Work order: When you reach the line containing "#3 small box <box>571,415,641,485</box>", begin copying exactly, and keep going through the last line of the records below, copying nothing before it.

(Stored data entries)
++++++++++
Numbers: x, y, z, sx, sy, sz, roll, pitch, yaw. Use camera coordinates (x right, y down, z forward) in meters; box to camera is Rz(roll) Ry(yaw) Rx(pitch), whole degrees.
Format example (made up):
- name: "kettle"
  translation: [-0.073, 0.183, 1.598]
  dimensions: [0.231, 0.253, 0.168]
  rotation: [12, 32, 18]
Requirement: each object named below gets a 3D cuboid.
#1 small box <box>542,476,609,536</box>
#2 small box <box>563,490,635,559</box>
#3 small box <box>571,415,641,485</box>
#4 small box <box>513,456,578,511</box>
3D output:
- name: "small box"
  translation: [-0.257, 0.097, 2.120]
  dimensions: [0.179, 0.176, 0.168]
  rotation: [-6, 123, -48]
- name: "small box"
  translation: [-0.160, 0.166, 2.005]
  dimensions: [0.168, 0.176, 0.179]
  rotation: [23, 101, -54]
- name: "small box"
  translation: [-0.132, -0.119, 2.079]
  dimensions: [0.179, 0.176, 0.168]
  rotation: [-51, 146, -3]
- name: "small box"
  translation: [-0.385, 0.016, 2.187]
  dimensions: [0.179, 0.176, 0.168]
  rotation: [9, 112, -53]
++++++++++
Exercise solution:
#3 small box <box>571,415,641,485</box>
#4 small box <box>513,456,578,511</box>
3D output:
- name: "small box"
  translation: [-0.257, 0.097, 2.120]
  dimensions: [0.179, 0.176, 0.168]
  rotation: [-6, 123, -48]
- name: "small box"
  translation: [-0.160, 0.166, 2.005]
  dimensions: [0.168, 0.176, 0.179]
  rotation: [23, 101, -54]
- name: "small box"
  translation: [-0.132, -0.119, 2.079]
  dimensions: [0.179, 0.176, 0.168]
  rotation: [-51, 146, -3]
- name: "small box"
  translation: [-0.385, 0.016, 2.187]
  dimensions: [0.179, 0.176, 0.168]
  rotation: [9, 112, -53]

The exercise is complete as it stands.